丁牛和黄栖两人,被李冠请入偏厅。
各自落座,这一位东渔派的当代首席,苍白脸上带起微微笑意:
“两位既是李开复的朋友,又是斜月山高徒,今日造访我们东渔派,本是要精心接待的,不料中途出了这一场变故,闹出笑话,让师弟师妹见笑了。”
寒暄一句,李冠开门见山:
“两位应知,我们东渔派与斜月山同气连枝,世代交好,东渔派弟子万不会做出袭击斜月山之事,令亲者痛仇者快,昨日之事,与我们东渔派无关。”
“……哦。”
“好叫两位知晓,弃徒李成阳忤逆尊长、结交匪类,品行不端,早于半月之前被逐出师门。”
“……”丁牛与黄栖听了,一时无言。
这锅甩的。
李冠笑道:“两位今日适逢其会,还请帮忙做一个见证,劳烦将这一情况报告师门,免得贵派与我们东渔派产生误会,倒叫小人钻了空子。”
“……”
此人莫非把他们当成了棒槌?居然要求他们帮东渔派做伪证。
这种事,怎么能胡乱开口?
此人居心不良。
丁牛呵呵一笑:“是非曲直,自有公论,”
“哦,此言在理。
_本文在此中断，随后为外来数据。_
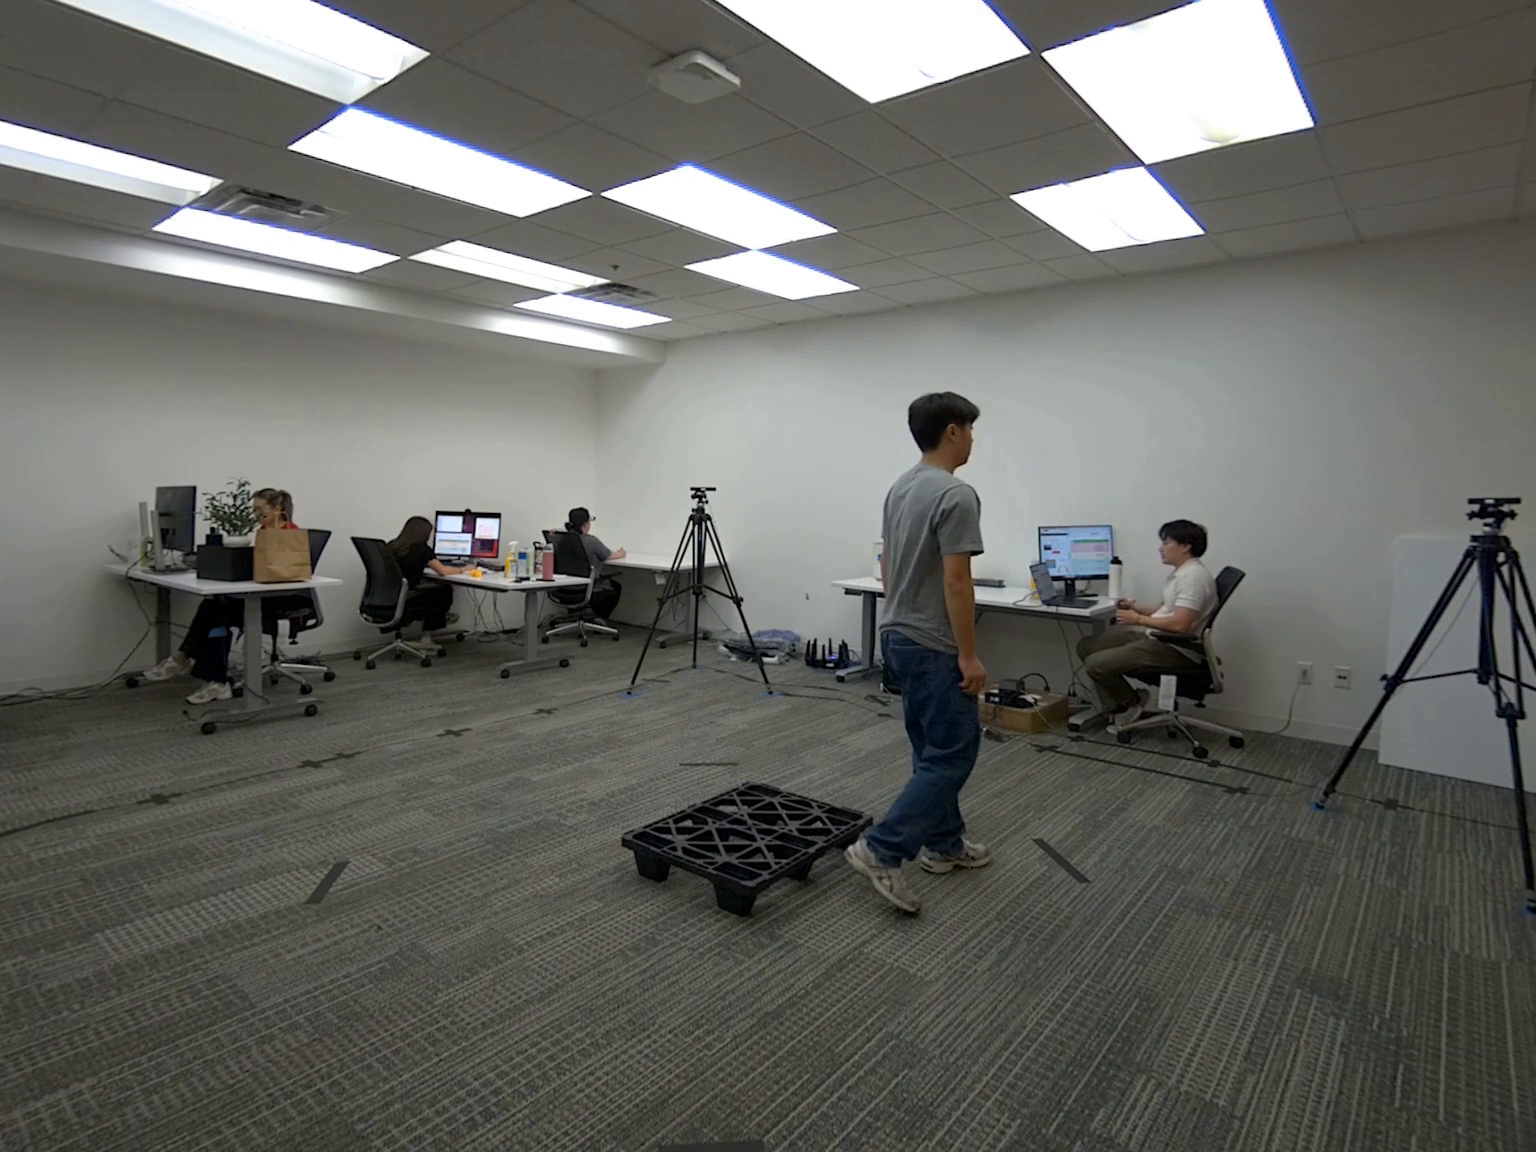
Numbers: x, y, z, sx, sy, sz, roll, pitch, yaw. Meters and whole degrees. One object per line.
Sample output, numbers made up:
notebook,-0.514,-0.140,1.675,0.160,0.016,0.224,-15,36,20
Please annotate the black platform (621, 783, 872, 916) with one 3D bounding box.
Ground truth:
black platform,-0.065,0.995,3.181,0.625,0.143,0.782,6,7,37
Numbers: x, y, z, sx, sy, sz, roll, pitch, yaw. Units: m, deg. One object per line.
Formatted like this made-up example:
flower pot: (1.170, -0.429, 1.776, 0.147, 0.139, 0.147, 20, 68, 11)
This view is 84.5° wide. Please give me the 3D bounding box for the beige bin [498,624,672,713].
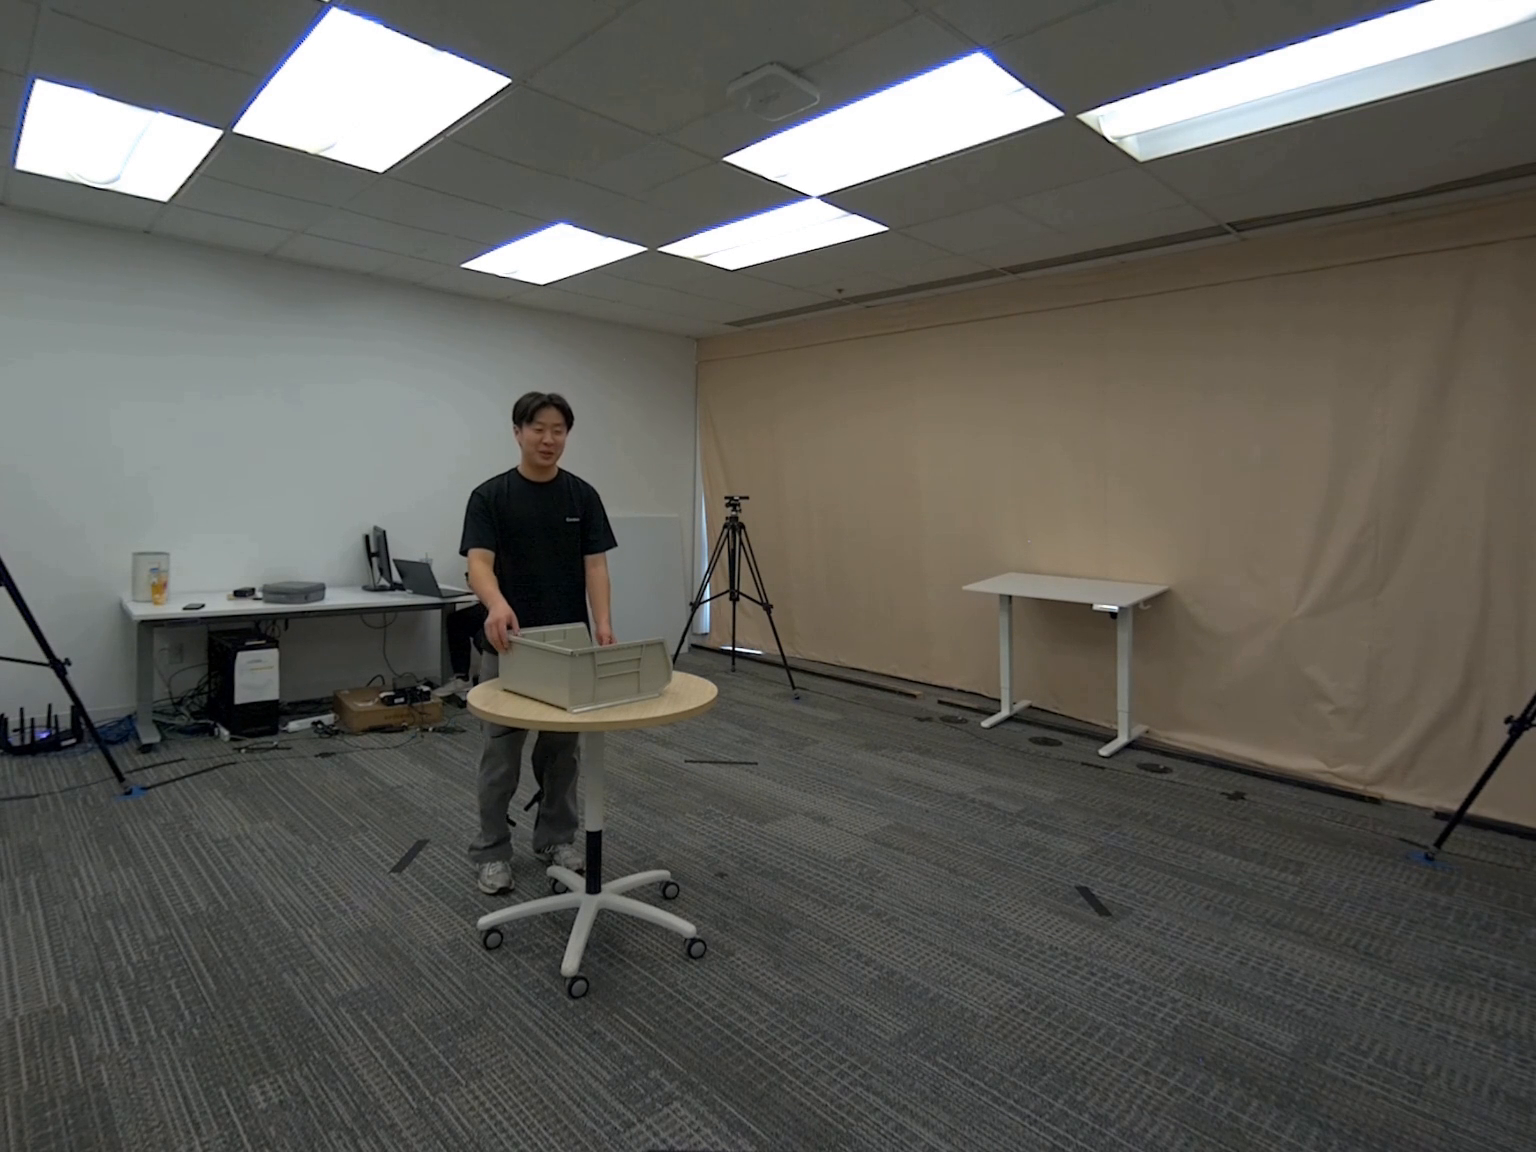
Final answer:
beige bin: (-0.568, 0.269, 2.590, 0.369, 0.188, 0.433, -4, 7, -45)

”李冠道:“两位若愿意帮忙化解误会,便是我们东渔派的好朋友,我们对朋友向来不吝啬……两位对今日乘坐的罗浮云舟,不知印象如何?”
“无风自动,倒是方便的很。”
“不错,罗浮云舟由灵植罗浮竹为主材,整个赵国乃至周边各国,仅我们东渔派能炼制,珍贵之极。”李冠昂头挺胸,不无自傲:“罗浮云舟以气御使,单人便可操纵,其舟身坚能挡巨石飞剑,水火不侵不漏,如此庞然大物,亦能水面飞掠,日行千里……若是两位看得上,我可做主,送两位一艘。”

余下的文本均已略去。